Comment élève-t-on les produits de la mer ? La question mérite d’être soulevée alors que ce mode de production est fréquemment présenté comme une alternative à l’épuisement de l’océan : les stocks de poissons sauvages sont surexploités à 90 % selon la FAO. Aussi depuis 2012 l’aquaculture fait-elle à peu près part égale avec la pêche en mer et en eau douce sur les étals de poissonniers. Nous en mangeons au moins autant. La Chine, une fois encore, apparaît comme le géant du marché : elle fournit à peu près la moitié des poissons, des crustacés et des mollusques d’élevage.

 

Le krill, objet de convoitise

Pour alimenter ce secteur prometteur, l’attrait des navires industriels ne se limite pas aux anchois du Pérou – premier producteur mondial de farine de poisson –, aux maquereaux du Chili ni aux sardines africaines. Désormais, ces derniers ciblent aussi de nouvelles espèces comme les poissons sanglier et lanterne.

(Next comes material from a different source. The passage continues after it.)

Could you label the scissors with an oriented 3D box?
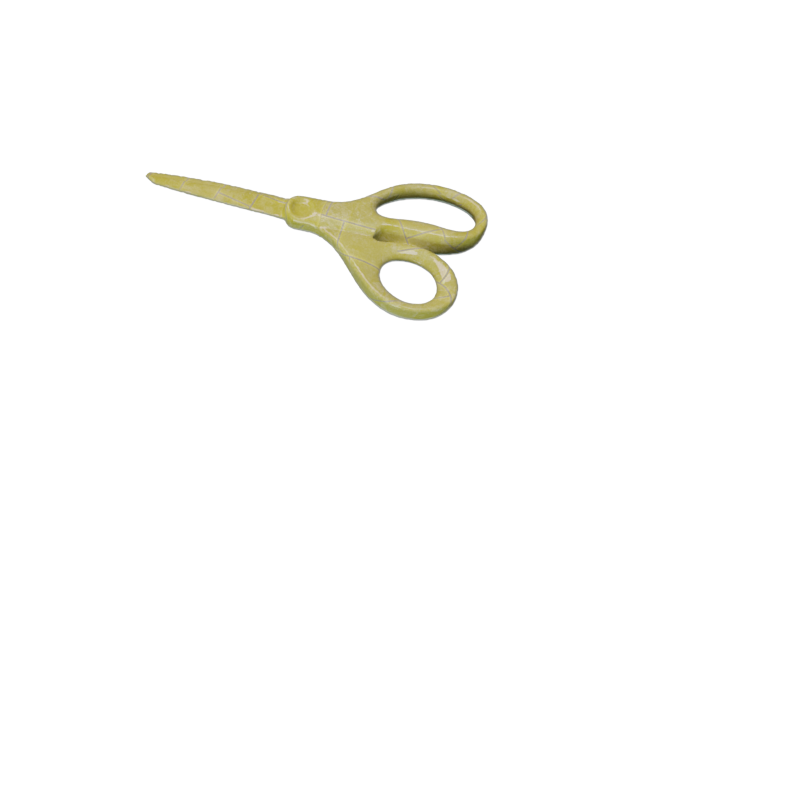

Pire, le krill de l’Antarctique, très prisé sous forme d’huile, est désormais objet de leur convoitise, notamment des flottes venues du Danemark. Or il constitue la base même de la chaîne trophique. Ces tout petits crustacés, comme les poissons fourrage, nourrissent les gros prédateurs : thons, marlins, cabillauds, ainsi, évidemment, que de nombreux oiseaux et mammifères marins.

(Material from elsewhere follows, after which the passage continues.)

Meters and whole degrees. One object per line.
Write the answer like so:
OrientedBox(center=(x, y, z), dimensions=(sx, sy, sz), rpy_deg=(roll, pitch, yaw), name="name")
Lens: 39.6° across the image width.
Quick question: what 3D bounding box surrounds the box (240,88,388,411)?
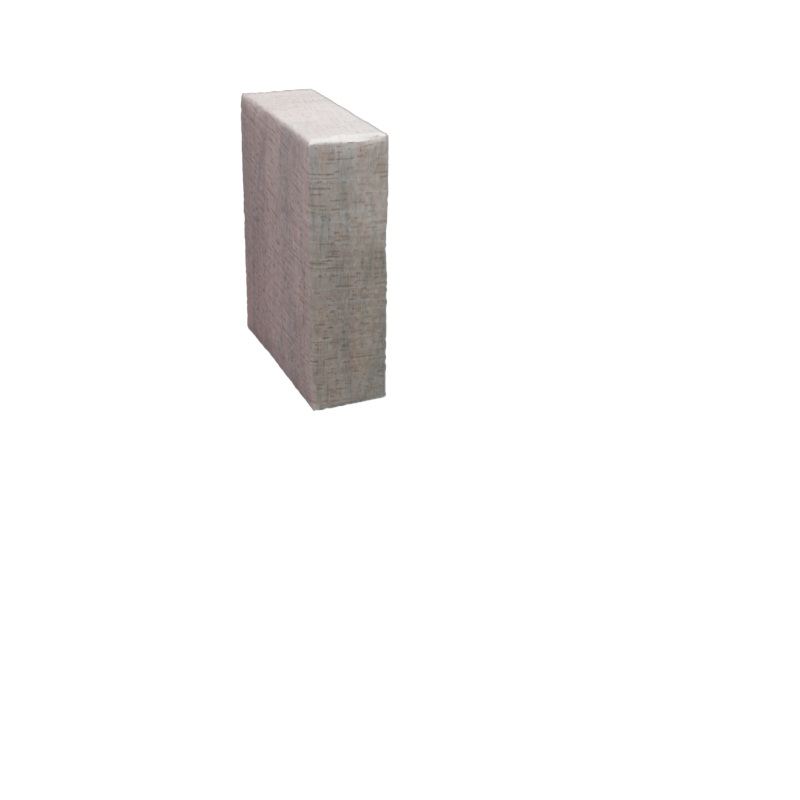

« C’est dans la pêche minotière que les pêcheries sont le moins suivies, note pour sa part Arnaud Gauffier, chargé de programme au WWF, le Fonds mondial pour la nature. C’est là qu’il y a le plus de pêche illégale et de captures de poissons d’eaux profondes. On est en train de déstabiliser les grands fonds pour faire de la farine et de l’huile ! » L’ONG partage le même point de vue que Bloom sur le secteur, sans en tirer les mêmes conclusions.

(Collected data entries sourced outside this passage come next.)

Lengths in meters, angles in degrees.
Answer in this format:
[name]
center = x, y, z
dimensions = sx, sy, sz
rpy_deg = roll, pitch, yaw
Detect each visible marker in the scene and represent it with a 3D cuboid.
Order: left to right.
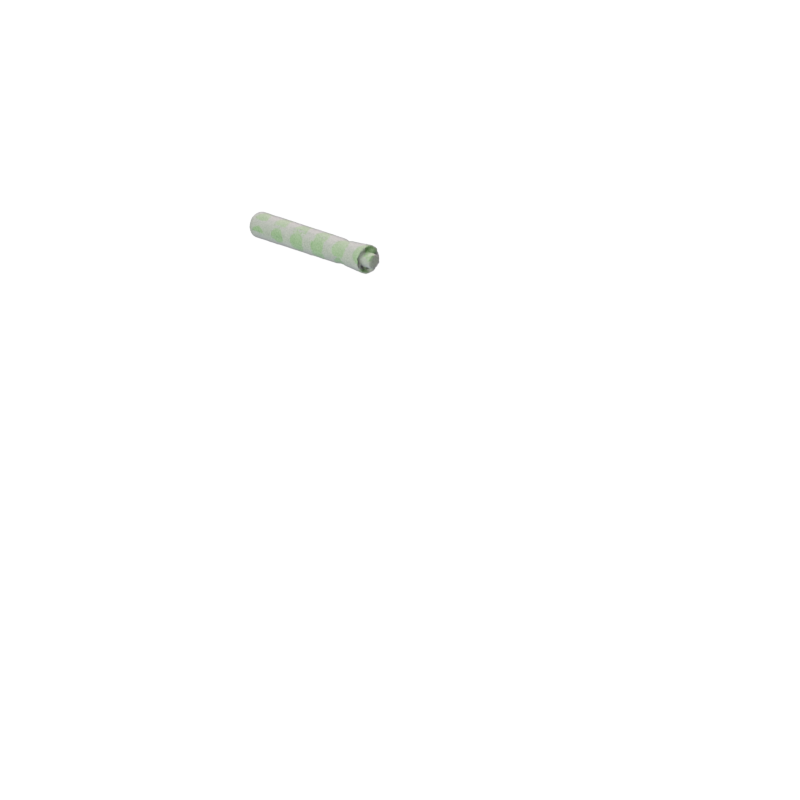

L’association de Claire Nouvian, Bloom, s’insurge, elle, contre l’attribution de labels de gestion durable du type Marine Stewardship Council (MSC, créé par le WWF) à des pêcheries minotières alors que par nature ces pratiques déstabilisent les écosystèmes et grèvent le possible rétablissement des stocks de poissons.

 

Insectes et déchets alimentaires

Comme elle l’avait déjà fait avec obstination et finalement avec succès sur le sujet de la pêche en eaux profondes, l’association se tourne vers l’Union européenne. Certes celle-ci n’est pas la championne de la pêche minotière, qui n’y représente que 12 % du total des captures, mais une fois encore les militants aimeraient la voir jouer un rôle exemplaire. Ils demandent à la Commission de commencer par interdire la fourniture de farines de poissons à des élevages d’animaux non-carnivores.

Frédéric Le Manach suggère par ailleurs de développer une forme d’économie circulaire à base de récupération de sous-produits de conserveries de poissons – ce qui existe déjà –, mais aussi de récupération de déchets alimentaires, de sang d’abattoirs et d’élevages d’insectes. Un modèle de fermes aquacoles où déjections de poissons et plantes aquatiques ou algues se nourrissent mutuellement intéresse de plus en plus. Bloom conseille en outre aux consommateurs de privilégier la viande de porcs et de volailles nourris entièrement de végétaux et préconise surtout de diminuer l’achat de protéines animales.

Mardi 14 février, la Banque mondiale publiait de son côté une évaluation remise à jour du manque à gagner qui découle de la mauvaise gestion de la ressource halieutique. Selon les calculs de ses experts, « pêcher moins et mieux » pourrait générer des gains supplémentaires de 83 milliards de dollars à l’échelle mondiale. Mettre fin à la surexploitation permettrait non seulement aux populations de poissons de se reconstituer, mais aussi d’accroître la valeur des prises.